I’ve been building a small position in this large microfinance lender, tempted by the value on offer:

Here’s a link to my recent brief stock pitch.
Which brings us to today’s Q4 update.
Key points:
Full-year net profit c. $57m (2024: $28.5m) (ahead of expectations - more on this below).
Outstanding loan portfolio +37% year-on-year to $628
Portfolio at risk (a measure of arrears) improves from 2.2% (Dec 2024) to 1.8% (Dec 2025).
CEO comment:
2025 was another outstanding year for ASA International with the delivery of both strong operational growth and significantly increased levels of profitability. Profitability has doubled… It is encouraging to see that the refined strategy we adopted at the start of the year, alongside strengthened leadership layers and an expanded product suite, is already starting to pay off.
For Q4 specifically, he singles out Pakistan, Uganda, Tanzania and Kenya as demonstrating “growth across key markets”. In my stock pitch, I noted that the company does have high single-country exposure to Pakistan (2024: 380 branches out of 2,145 total).
Geographic spread
I think it’s important to understand how well (or not) the company is diversified geographically.
Figures published today show the company having 405 branches in Pakistan and 415 in The Philippines, these being the highest single-country exposures. The next-biggest are Nigeria (270) and Tanzania (244).
The total number of branches has grown 4% to 2,233. So Pakistan and the Philippines are each responsible for about 18% of the total.
In terms of the value of loans outstanding, measured in US dollars, the biggest exposures are Ghana ($142m) and Pakistan ($118m). Ghana’s loan portfolio is 23% of the total, and Pakistan is 19%.
So while ASAI is diversified among 13 countries, it’s fair to say that it does have outsized exposures to some of these.
Outlook
Looking ahead, the CEO says:
As 2026 progresses, our priorities remain firmly centred on sustainable growth, transforming the business through our digital agenda, creating further resilience across the organisation and driving operational excellence. At the heart of all of this remains our mission of increasing financial inclusion for underserved female entrepreneurs.
Estimates: Cavendish say that the FY25 profit result is 2% ahead of forecasts, and they have raised the FY26 profit forecasts by 12%. FY26 EPS is now forecast at 52.8 pence (69.7 US cents).
Graham’s view
Clearly this is a high-risk play. In my mental model, I’m treating it the same way I treated International Personal Finance (LON:IPF): an adventurous international lender, with geographic exposures that are in some way “exotic”.

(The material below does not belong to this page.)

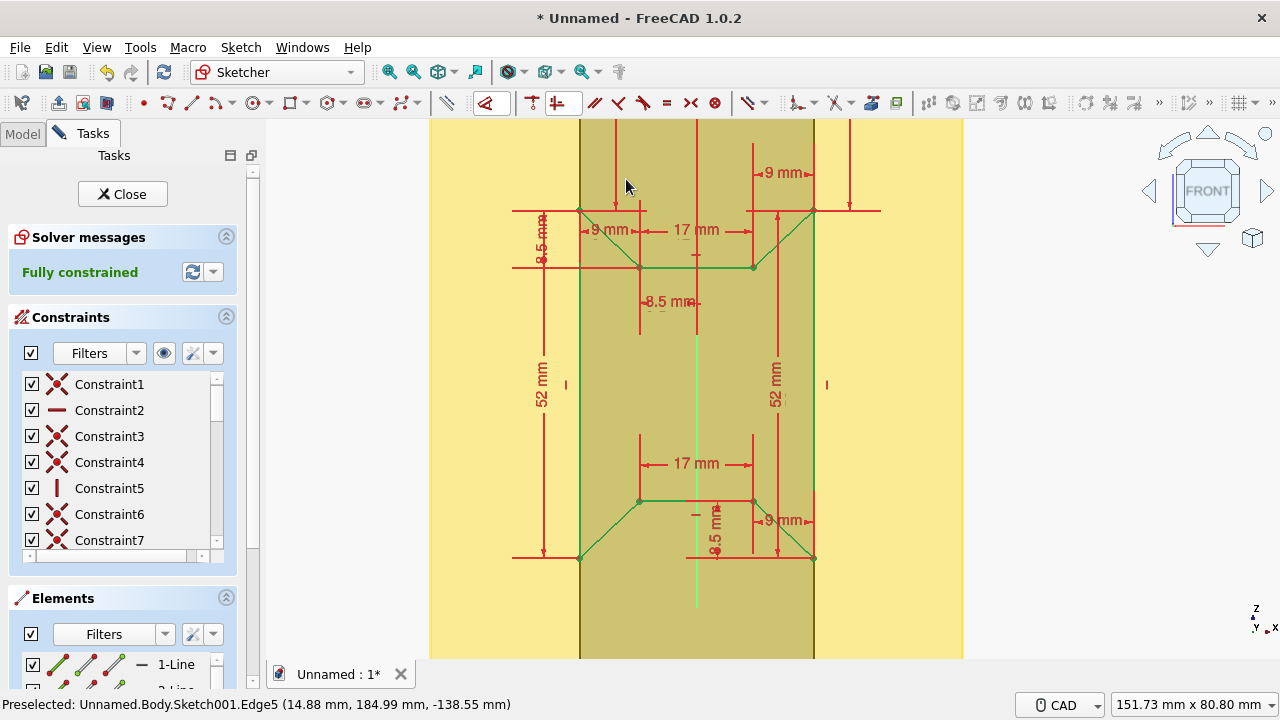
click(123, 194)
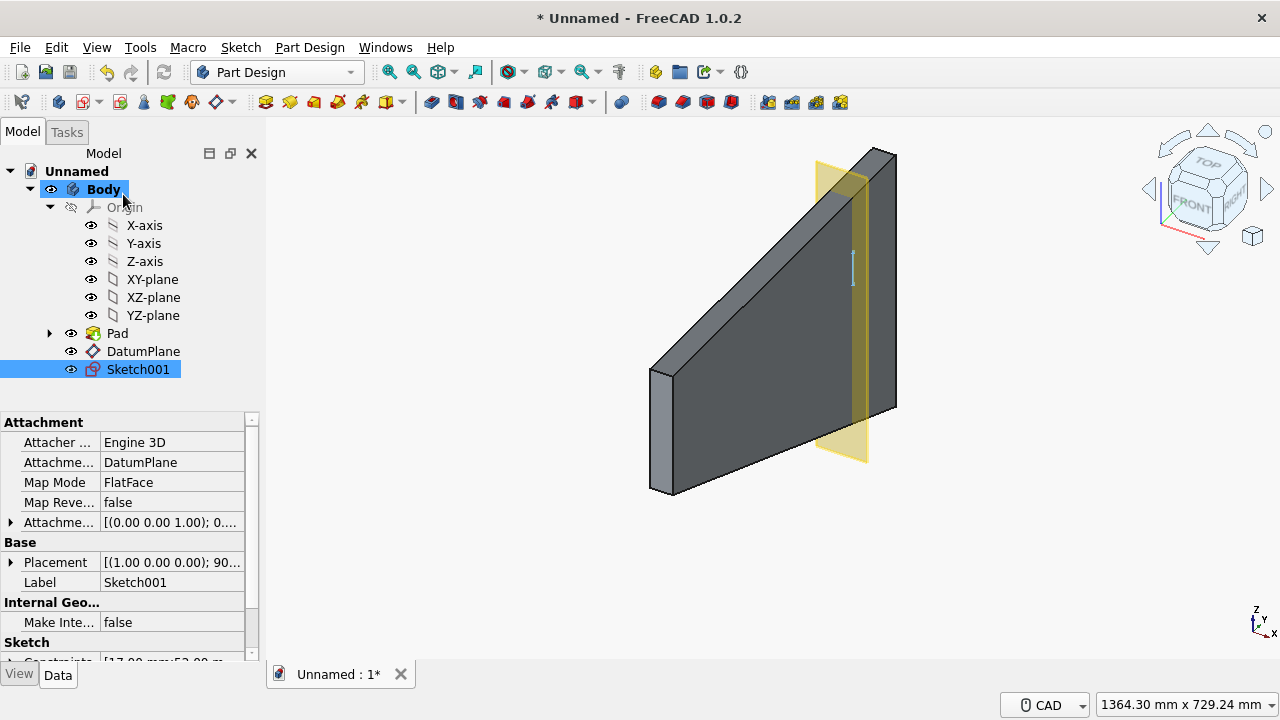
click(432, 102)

Risk reduction comes from:
Business spread across various different countries (like IPF)
Individual loans aren’t large. In the case of ASAI, today’s figures give me an average loan per client of $226.
Low arrears rates, according to the company, with a “portfolio at risk” of only about 2%.

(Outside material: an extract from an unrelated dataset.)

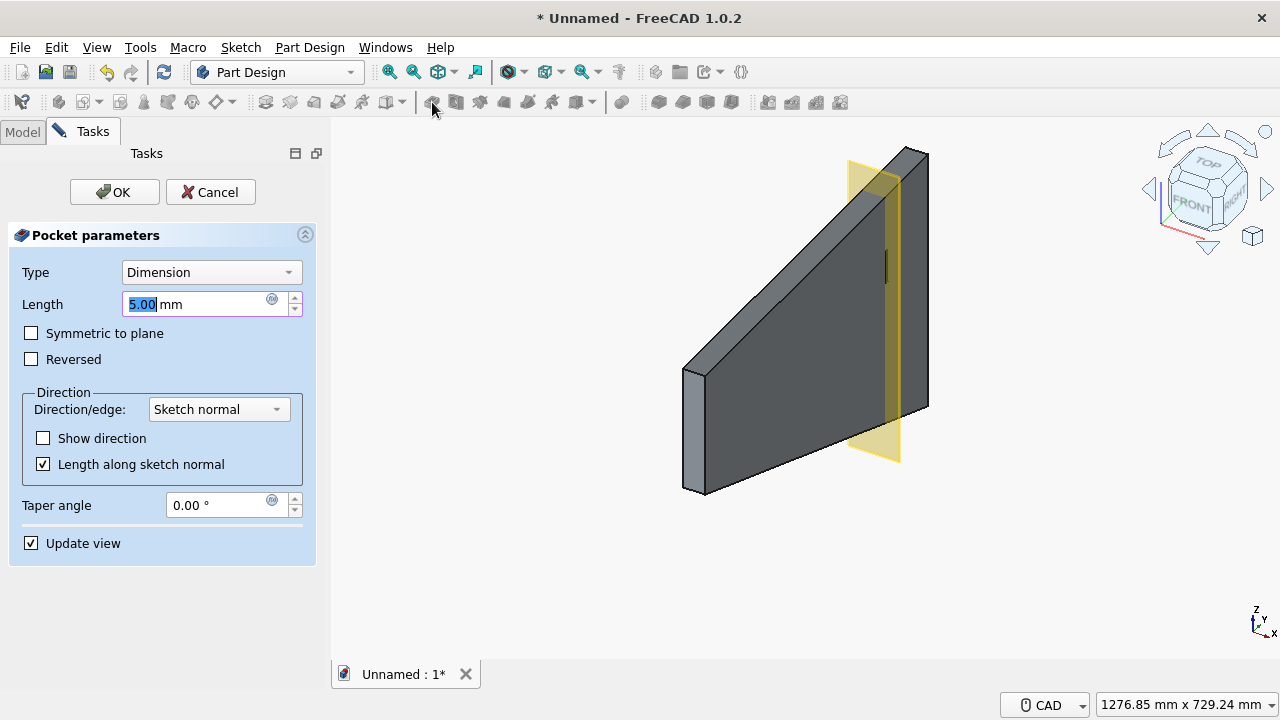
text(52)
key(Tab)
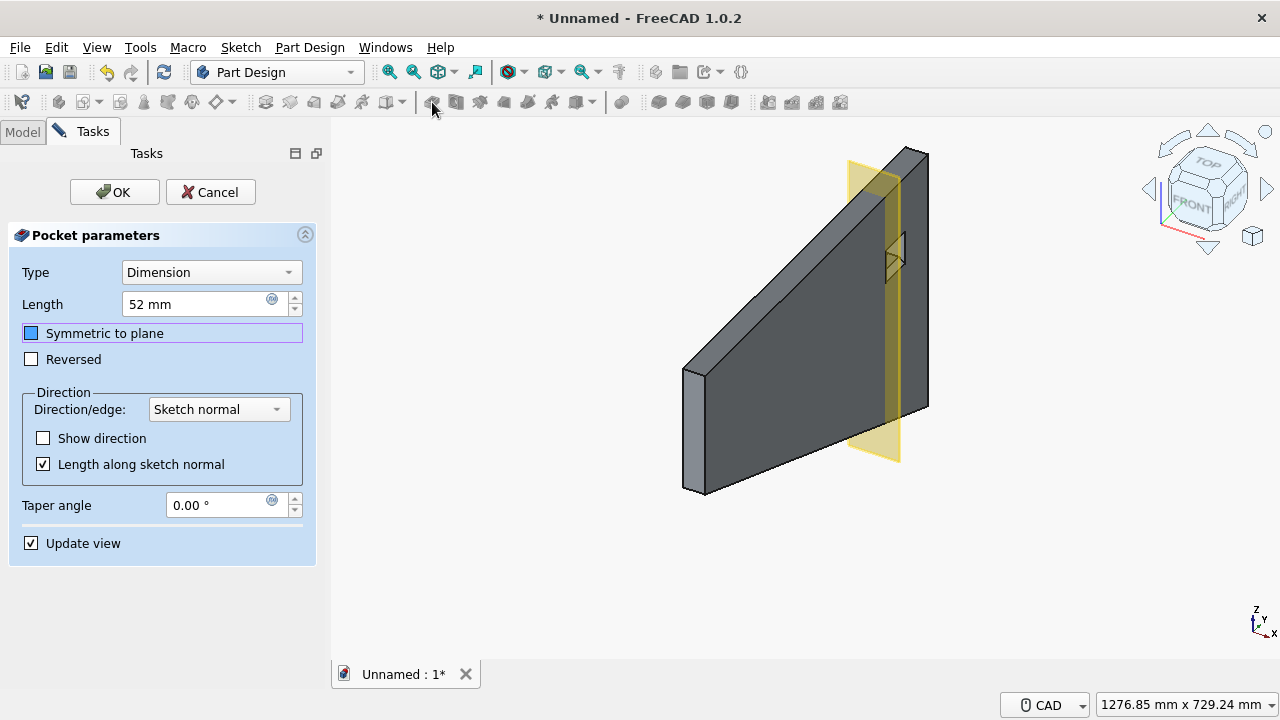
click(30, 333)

But at the same time there are clearly unavoidable dangers with this type of business, with the biggest one being the uncertain (or at least unknown, to me) political and economic situations in the countries in which ASAI operates. Hyperinflation, for example, is not all that uncommon.
Furthermore, microfinance institutions can and do collapse with regularity, or are shut down by hostile governments. My thesis when it comes to ASAI is that as a long-established and very large entity in the space, headquartered in the Netherlands, it has enough political credibility, along with much higher governance standards than its local competitors in each country.
But I’ve been stung before and I could very well be wrong about this one. For now I’m happy owning a modest stake in it.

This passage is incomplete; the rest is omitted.